Gary G. Kohls – Does Prescribing Anti-psychotic Drugs to Infants, Toddlers and Young Children Meet the Definition of Reckless Endangerment?

When physicians (or medical paraprofessionals) prescribe psychiatric drugs to children without the parent or legal guardian’s fully informed consent, the prescribers could reasonably be charged with reckless endangerment and/or child endangerment because such drugs commonly cause a multitude of well-known adverse effects, including the following short list: worsening depression, worsening anxiety, sleep disturbances, suicidality, homicidality, mania, psychoses, heart problems, growth disturbances, malnutrition, cognitive disabilities, dementia, microbiome disorders, stroke, diabetes, serious withdrawal effects, death, sudden death, etc.
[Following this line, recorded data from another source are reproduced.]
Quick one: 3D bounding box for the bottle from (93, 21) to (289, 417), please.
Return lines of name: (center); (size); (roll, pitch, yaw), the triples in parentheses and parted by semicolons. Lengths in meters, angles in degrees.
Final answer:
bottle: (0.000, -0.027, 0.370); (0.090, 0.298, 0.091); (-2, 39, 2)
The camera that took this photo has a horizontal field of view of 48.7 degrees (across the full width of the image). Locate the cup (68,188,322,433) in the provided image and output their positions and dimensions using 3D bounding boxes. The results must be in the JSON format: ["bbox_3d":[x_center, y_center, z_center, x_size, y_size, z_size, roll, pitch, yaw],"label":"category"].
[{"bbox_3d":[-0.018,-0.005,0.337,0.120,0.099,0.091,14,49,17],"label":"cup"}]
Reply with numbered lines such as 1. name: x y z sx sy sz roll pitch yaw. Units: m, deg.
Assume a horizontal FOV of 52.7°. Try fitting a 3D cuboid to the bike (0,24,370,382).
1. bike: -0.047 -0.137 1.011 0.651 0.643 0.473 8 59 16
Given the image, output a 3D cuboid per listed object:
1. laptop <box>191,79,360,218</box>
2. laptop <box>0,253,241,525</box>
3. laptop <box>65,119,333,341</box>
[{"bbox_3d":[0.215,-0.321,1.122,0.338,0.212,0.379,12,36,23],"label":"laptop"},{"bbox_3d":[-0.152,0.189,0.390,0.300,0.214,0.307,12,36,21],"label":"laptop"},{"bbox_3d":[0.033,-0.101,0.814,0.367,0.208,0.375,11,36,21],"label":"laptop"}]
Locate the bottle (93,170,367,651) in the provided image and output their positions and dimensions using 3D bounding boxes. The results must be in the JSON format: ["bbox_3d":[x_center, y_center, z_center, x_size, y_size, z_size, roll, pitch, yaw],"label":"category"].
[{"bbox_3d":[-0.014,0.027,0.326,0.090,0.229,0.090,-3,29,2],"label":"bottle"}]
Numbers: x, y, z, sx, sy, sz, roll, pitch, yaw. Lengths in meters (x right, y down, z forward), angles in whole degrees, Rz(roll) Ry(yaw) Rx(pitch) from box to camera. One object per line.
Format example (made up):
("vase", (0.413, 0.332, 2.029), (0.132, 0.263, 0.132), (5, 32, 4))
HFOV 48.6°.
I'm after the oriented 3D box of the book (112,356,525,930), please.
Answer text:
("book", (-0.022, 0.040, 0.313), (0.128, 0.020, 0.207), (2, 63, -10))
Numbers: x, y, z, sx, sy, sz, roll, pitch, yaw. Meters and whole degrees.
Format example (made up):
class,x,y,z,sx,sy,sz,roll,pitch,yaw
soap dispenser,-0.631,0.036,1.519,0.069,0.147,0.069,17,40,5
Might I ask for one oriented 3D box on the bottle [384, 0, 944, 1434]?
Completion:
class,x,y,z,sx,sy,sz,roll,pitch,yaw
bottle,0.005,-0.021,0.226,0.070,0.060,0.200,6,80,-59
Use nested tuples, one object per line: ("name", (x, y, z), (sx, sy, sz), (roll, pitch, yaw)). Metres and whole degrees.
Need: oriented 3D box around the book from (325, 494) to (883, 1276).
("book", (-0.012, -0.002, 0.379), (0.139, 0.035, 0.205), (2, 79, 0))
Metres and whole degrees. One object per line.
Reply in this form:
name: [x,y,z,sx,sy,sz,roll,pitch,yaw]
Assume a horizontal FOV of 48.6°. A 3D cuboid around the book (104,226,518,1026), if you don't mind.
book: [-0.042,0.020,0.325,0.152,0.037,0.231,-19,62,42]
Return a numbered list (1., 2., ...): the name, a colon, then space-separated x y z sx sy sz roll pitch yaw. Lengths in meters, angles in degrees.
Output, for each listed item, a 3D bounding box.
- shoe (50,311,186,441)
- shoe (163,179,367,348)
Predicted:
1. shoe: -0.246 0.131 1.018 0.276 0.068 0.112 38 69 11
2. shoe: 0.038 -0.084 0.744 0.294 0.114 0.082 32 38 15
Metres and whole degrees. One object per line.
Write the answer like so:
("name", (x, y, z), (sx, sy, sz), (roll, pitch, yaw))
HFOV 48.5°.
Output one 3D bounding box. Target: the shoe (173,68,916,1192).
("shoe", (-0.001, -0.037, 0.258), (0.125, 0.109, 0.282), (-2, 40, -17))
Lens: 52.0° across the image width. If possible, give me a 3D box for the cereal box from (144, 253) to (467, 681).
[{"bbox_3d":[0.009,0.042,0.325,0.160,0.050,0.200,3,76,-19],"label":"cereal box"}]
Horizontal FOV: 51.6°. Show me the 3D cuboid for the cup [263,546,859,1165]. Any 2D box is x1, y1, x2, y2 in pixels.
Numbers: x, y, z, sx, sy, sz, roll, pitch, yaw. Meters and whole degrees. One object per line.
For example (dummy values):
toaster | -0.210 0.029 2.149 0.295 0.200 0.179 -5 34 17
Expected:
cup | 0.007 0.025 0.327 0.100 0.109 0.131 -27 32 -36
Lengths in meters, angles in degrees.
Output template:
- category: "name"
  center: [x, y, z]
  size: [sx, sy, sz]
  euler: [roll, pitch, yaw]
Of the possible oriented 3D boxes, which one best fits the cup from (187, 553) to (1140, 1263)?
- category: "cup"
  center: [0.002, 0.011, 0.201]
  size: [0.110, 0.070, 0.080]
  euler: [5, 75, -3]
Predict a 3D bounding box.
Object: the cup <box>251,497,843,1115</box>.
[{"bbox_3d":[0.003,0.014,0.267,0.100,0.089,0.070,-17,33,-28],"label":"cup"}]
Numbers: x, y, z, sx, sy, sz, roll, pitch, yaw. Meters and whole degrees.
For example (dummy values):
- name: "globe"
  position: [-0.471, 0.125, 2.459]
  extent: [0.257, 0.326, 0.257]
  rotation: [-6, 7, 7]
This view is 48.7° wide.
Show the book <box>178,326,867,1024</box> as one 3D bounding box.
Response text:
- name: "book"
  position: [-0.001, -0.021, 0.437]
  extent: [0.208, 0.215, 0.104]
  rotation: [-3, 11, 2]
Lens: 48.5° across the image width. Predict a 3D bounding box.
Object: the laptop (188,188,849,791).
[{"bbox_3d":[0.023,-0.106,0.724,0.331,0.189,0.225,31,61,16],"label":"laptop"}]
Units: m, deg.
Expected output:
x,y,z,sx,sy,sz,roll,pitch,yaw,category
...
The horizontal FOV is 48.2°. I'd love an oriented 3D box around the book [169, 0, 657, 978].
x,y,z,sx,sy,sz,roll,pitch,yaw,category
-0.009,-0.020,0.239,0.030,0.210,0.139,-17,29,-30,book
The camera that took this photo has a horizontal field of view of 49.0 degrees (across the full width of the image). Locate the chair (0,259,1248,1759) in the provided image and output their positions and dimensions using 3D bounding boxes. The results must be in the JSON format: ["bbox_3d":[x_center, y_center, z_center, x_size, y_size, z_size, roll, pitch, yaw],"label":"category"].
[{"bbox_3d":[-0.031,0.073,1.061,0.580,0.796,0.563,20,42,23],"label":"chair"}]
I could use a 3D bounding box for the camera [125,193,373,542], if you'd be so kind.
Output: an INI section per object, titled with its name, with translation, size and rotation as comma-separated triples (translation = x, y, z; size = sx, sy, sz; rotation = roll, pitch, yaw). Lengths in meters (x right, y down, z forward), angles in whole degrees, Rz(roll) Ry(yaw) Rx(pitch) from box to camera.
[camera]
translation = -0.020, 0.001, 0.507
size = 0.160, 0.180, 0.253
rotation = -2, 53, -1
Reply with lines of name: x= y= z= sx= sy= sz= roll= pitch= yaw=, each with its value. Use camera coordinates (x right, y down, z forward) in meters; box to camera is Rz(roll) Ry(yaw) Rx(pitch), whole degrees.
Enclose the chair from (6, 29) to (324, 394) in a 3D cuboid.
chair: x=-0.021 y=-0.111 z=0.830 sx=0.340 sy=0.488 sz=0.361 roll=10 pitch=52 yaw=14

We physicians (not only psychiatrists) normally only spend a small amount of our scarce time warning about a few of the dozens of potential adverse effects when we recommend drug treatment – and apparently most American courts uphold this questionable action when the rare malpractice case manages to be heard in the legal system.

 

And yet, Child Protective Services has the legal right to charge parents with medical neglect for refusing to give their child a known neurotoxic or psychotoxic drug that wasn’t adequately tested either in the animal lab or in long-term clinical trials prior to being given marketing approval by the FDA.